Brasília, 25 de junho de 2026 – A criação da Comissão Parlamentar de Inquérito (CPI) para investigar o Banco Master permanece paralisada há cinco meses no Congresso Nacional. O presidente do Senado, Davi Alcolumbre (União-AP), e o presidente da Câmara, Hugo Motta (Republicanos-PB), adotam manobras regimentais e aproveitam o calendário eleitoral de 2026 para adiar o início das investigações.
Como o Senado segura o pedido
No Senado, o requerimento com assinaturas suficientes aguarda leitura em plenário desde janeiro. Alcolumbre afirma que, em ano eleitoral, “o Congresso não deve virar palanque”, argumento usado para postergar o ato que formalizaria a CPI.
Estratégia semelhante na Câmara
Na Câmara, Hugo Motta recorre ao critério da ordem cronológica dos pedidos de CPI. Com isso, o caso Master foi colocado no fim de uma lista que inclui comissões solicitadas anteriormente, protelando sua instalação.
Acerto político nos bastidores
Parlamentares relatam que o bloqueio ganhou força em abril, após entendimentos envolvendo votações relevantes. Em troca de não levar adiante a CPI, o Senado teria rejeitado a indicação de Jorge Messias ao Supremo Tribunal Federal e derrubado vetos presidenciais à Lei da Dosimetria.
Debate jurídico sobre obrigação de instalar CPIs
Especialistas e oposição lembram que decisões anteriores do Supremo Tribunal Federal determinam ser obrigatória a criação de CPI quando há número mínimo de assinaturas e fato determinado. Dessa forma, a leitura do requerimento não dependeria da vontade do presidente da Casa.
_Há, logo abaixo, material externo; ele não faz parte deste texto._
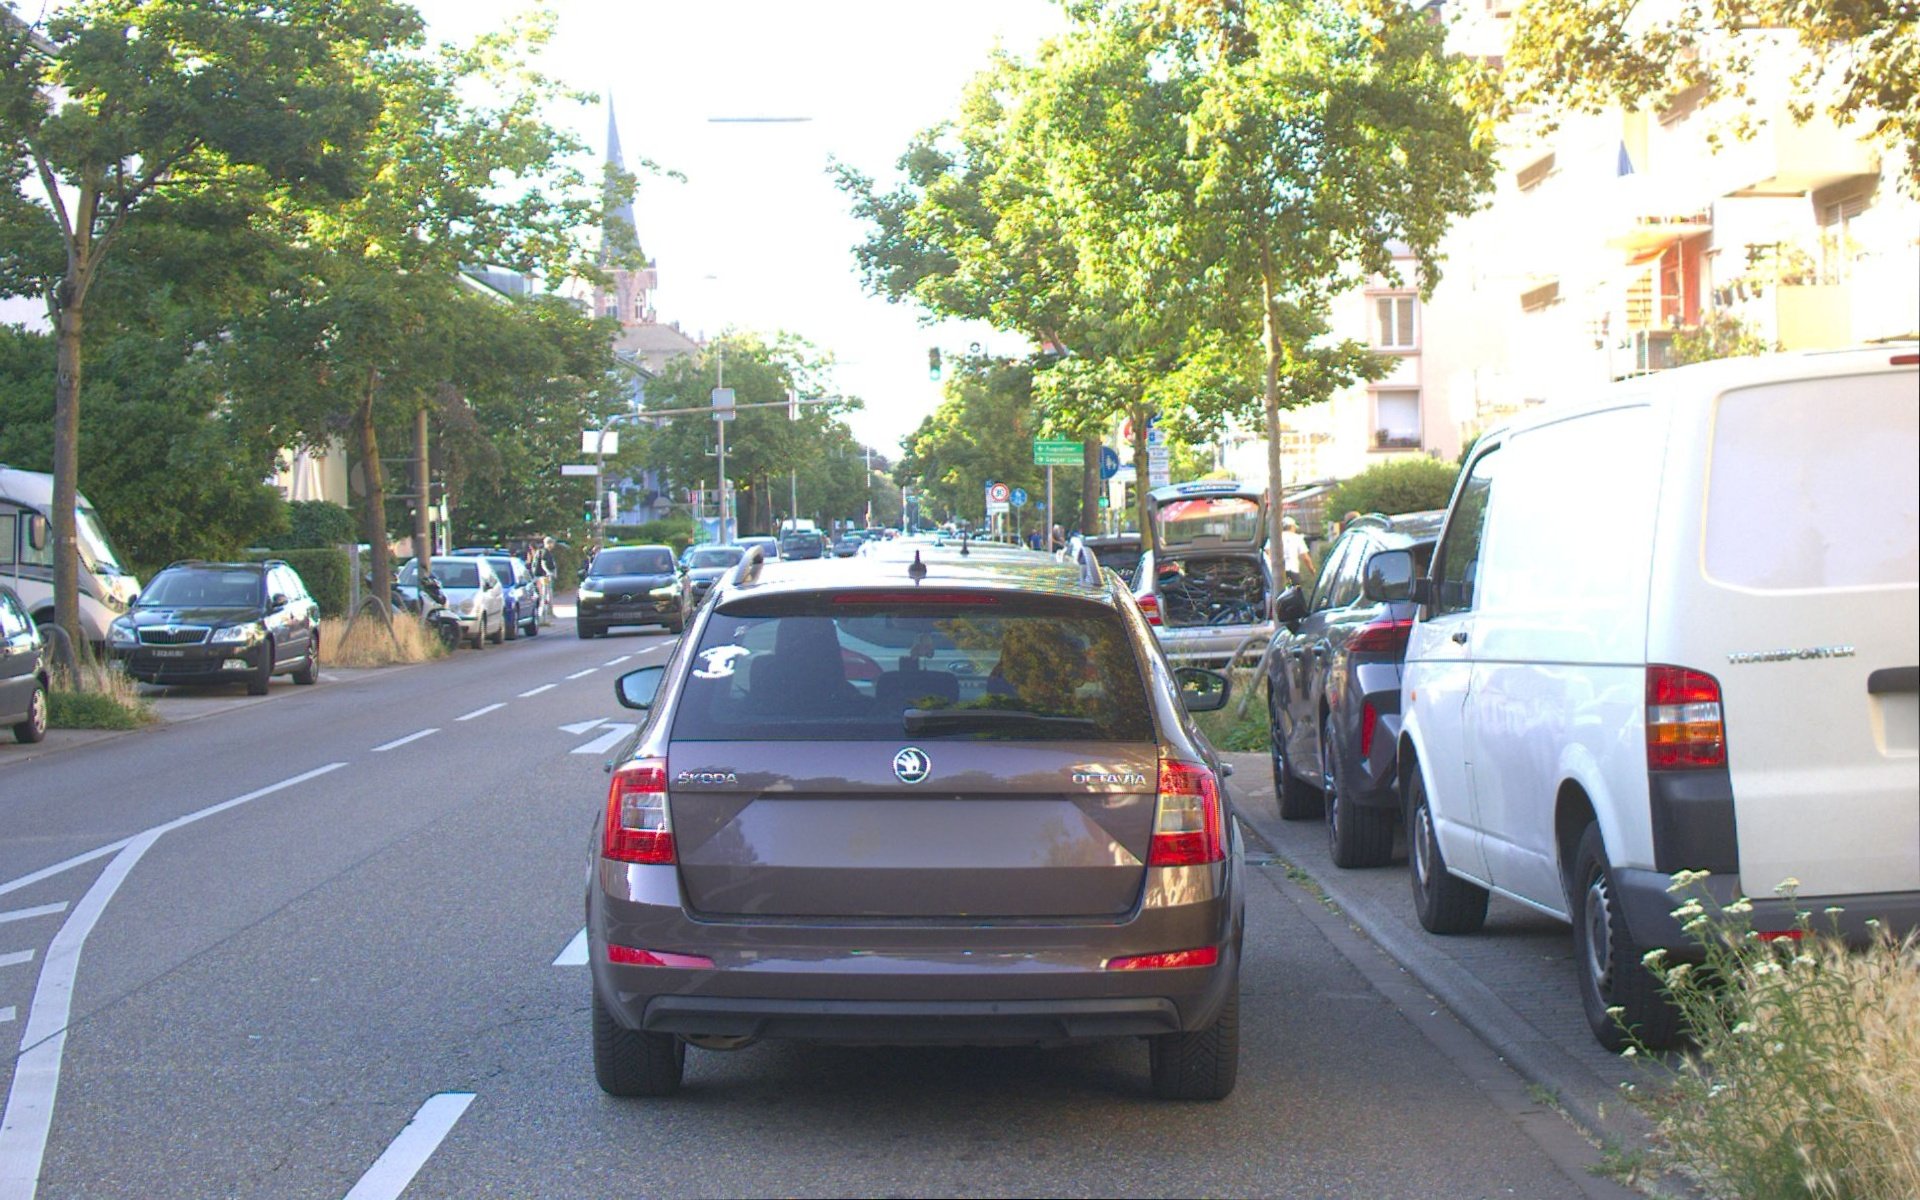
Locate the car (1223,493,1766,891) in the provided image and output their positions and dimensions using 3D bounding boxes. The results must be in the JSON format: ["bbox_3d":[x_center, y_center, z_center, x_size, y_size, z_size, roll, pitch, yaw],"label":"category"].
[{"bbox_3d":[2.468,0.354,16.951,1.856,1.598,4.312,-4,1,-1],"label":"car"}]

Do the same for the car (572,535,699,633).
[{"bbox_3d":[-5.685,-0.294,60.655,1.835,1.565,4.000,-3,1,-1],"label":"car"}]

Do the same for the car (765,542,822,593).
[{"bbox_3d":[-6.664,-1.325,137.770,1.993,1.902,4.964,-3,1,-1],"label":"car"}]

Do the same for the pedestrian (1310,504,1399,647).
[{"bbox_3d":[4.582,-0.284,39.917,0.757,1.634,0.694,-1,1,36],"label":"pedestrian"}]

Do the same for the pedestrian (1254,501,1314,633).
[{"bbox_3d":[4.390,-0.449,46.656,0.662,1.743,0.772,-3,1,0],"label":"pedestrian"}]

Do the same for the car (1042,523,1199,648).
[{"bbox_3d":[2.180,-0.231,47.643,1.856,1.576,4.014,-3,1,-1],"label":"car"}]

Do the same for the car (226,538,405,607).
[{"bbox_3d":[-18.050,-0.773,96.396,4.634,1.805,1.862,-1,1,0],"label":"car"}]

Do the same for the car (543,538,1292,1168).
[{"bbox_3d":[-0.132,0.559,10.301,1.773,1.484,4.311,0,1,-1],"label":"car"}]

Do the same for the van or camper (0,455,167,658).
[{"bbox_3d":[-14.845,-0.667,48.423,6.797,2.763,2.352,1,1,-1],"label":"van or camper"}]

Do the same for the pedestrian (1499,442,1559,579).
[{"bbox_3d":[6.868,-1.073,41.501,0.474,1.634,0.536,-2,1,-19],"label":"pedestrian"}]

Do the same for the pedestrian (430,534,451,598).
[{"bbox_3d":[-14.659,-0.950,96.991,0.449,1.790,0.504,-2,1,0],"label":"pedestrian"}]

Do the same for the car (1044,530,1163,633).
[{"bbox_3d":[2.206,-0.318,53.268,1.703,1.445,4.013,-3,1,2],"label":"car"}]

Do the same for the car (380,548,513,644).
[{"bbox_3d":[-8.340,-0.096,56.044,1.593,1.465,3.804,1,1,0],"label":"car"}]

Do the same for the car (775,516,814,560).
[{"bbox_3d":[-9.369,-3.525,195.123,1.993,2.469,4.000,-1,1,0],"label":"car"}]

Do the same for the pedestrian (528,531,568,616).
[{"bbox_3d":[-9.781,-0.631,81.633,0.780,1.981,0.821,-2,1,0],"label":"pedestrian"}]

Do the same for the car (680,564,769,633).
[{"bbox_3d":[-5.630,-0.062,82.538,1.760,1.447,4.534,-3,1,0],"label":"car"}]

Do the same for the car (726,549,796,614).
[{"bbox_3d":[-5.950,-0.583,103.332,1.805,1.798,4.746,-3,1,-1],"label":"car"}]

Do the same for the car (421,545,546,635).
[{"bbox_3d":[-8.371,-0.209,60.672,1.648,1.512,4.074,0,1,0],"label":"car"}]

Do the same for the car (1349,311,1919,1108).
[{"bbox_3d":[2.606,0.237,11.451,1.903,2.096,4.641,-1,1,-2],"label":"car"}]

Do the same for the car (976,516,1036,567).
[{"bbox_3d":[1.670,-2.079,122.658,1.994,1.766,4.000,1,1,2],"label":"car"}]

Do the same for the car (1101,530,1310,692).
[{"bbox_3d":[2.448,0.064,35.202,1.708,1.475,4.269,-3,1,-1],"label":"car"}]

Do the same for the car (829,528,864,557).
[{"bbox_3d":[-6.394,-3.248,193.427,1.830,1.574,4.000,-2,1,0],"label":"car"}]

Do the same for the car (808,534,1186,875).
[{"bbox_3d":[0.187,0.448,17.985,1.737,1.565,4.000,1,1,0],"label":"car"}]

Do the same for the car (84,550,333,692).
[{"bbox_3d":[-8.488,0.190,39.205,1.867,1.489,4.517,0,1,0],"label":"car"}]

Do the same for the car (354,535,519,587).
[{"bbox_3d":[-15.570,-1.176,102.380,4.634,1.530,1.862,0,1,-1],"label":"car"}]

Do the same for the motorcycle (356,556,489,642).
[{"bbox_3d":[-8.186,-0.009,52.335,2.052,1.260,0.765,-1,1,38],"label":"motorcycle"}]

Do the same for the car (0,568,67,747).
[{"bbox_3d":[-8.337,0.473,27.325,1.543,1.391,3.666,-1,1,-1],"label":"car"}]

Influência do calendário eleitoral
Com a proximidade das eleições de 2026, líderes concentram esforços em pautas de apelo popular, como alterações no Benefício de Prestação Continuada (BPC) e mudanças na escala 6×1 de trabalho. A disputa por espaço na agenda legislativa acaba sufocando temas considerados negativos para a classe política.
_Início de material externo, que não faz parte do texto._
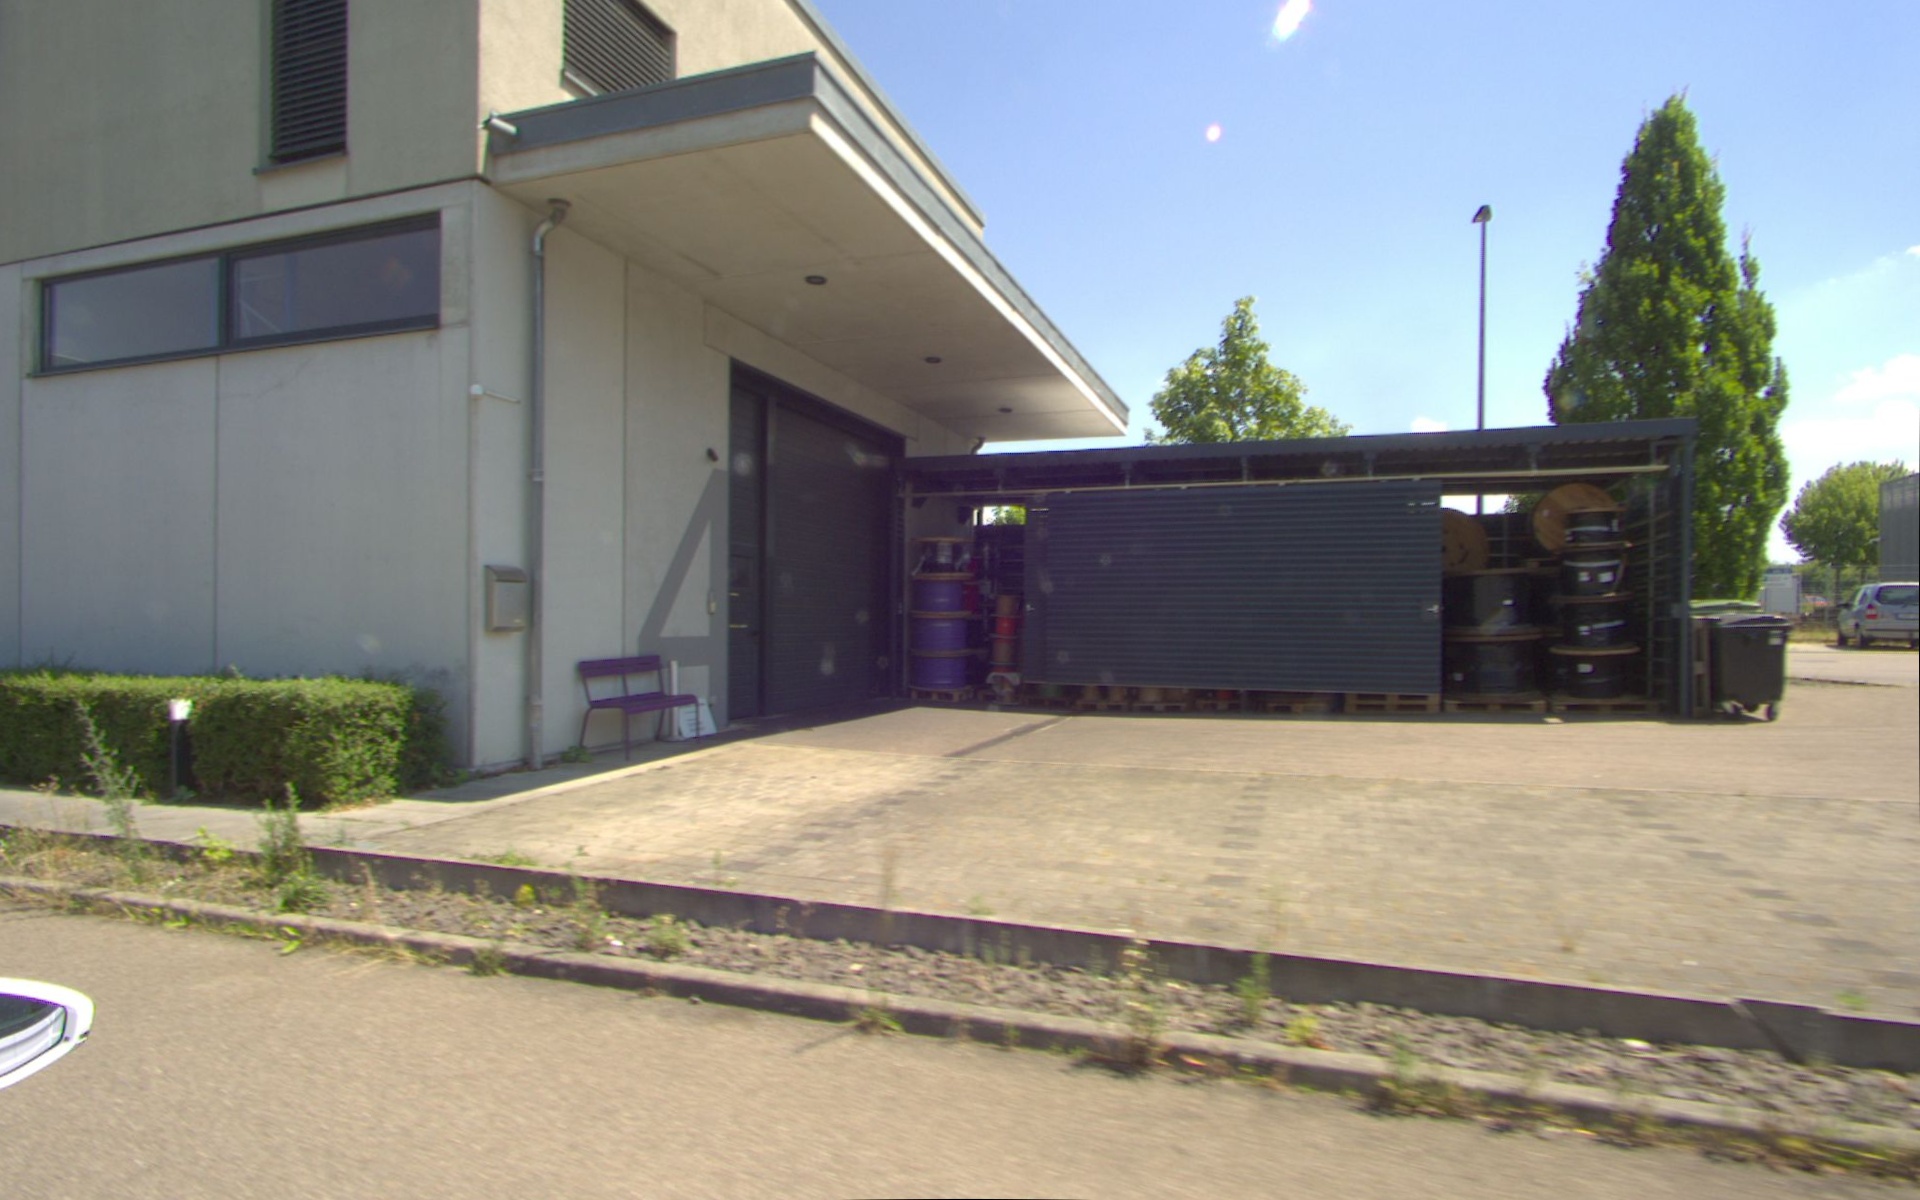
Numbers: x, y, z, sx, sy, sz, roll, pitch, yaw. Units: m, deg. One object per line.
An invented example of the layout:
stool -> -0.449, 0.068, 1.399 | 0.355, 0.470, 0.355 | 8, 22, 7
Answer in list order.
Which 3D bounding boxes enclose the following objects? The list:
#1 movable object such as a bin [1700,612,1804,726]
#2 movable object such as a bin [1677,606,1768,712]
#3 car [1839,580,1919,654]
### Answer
movable object such as a bin -> 9.265, 0.782, 11.755 | 0.789, 1.266, 0.873 | -1, 0, 28
movable object such as a bin -> 9.810, 0.743, 12.912 | 0.789, 1.315, 0.753 | -1, 0, 28
car -> 23.318, 0.397, 24.932 | 1.827, 1.728, 3.972 | 0, 0, 37

Riscos para Alcolumbre e Motta
A postura de adiamento pode desgastar a capacidade de articulação dos dois presidentes. Hugo Motta corre o risco de se afastar da oposição por alinhar-se ao governo na tentativa de enterrar a CPI, enquanto Alcolumbre enfrenta críticas diretas em razão de supostas ligações de seu grupo político com investigados no escândalo do Banco Master.
A CPI seguirá travada enquanto as negociações de bastidor e a agenda eleitoral se sobrepuserem às pressões por investigação.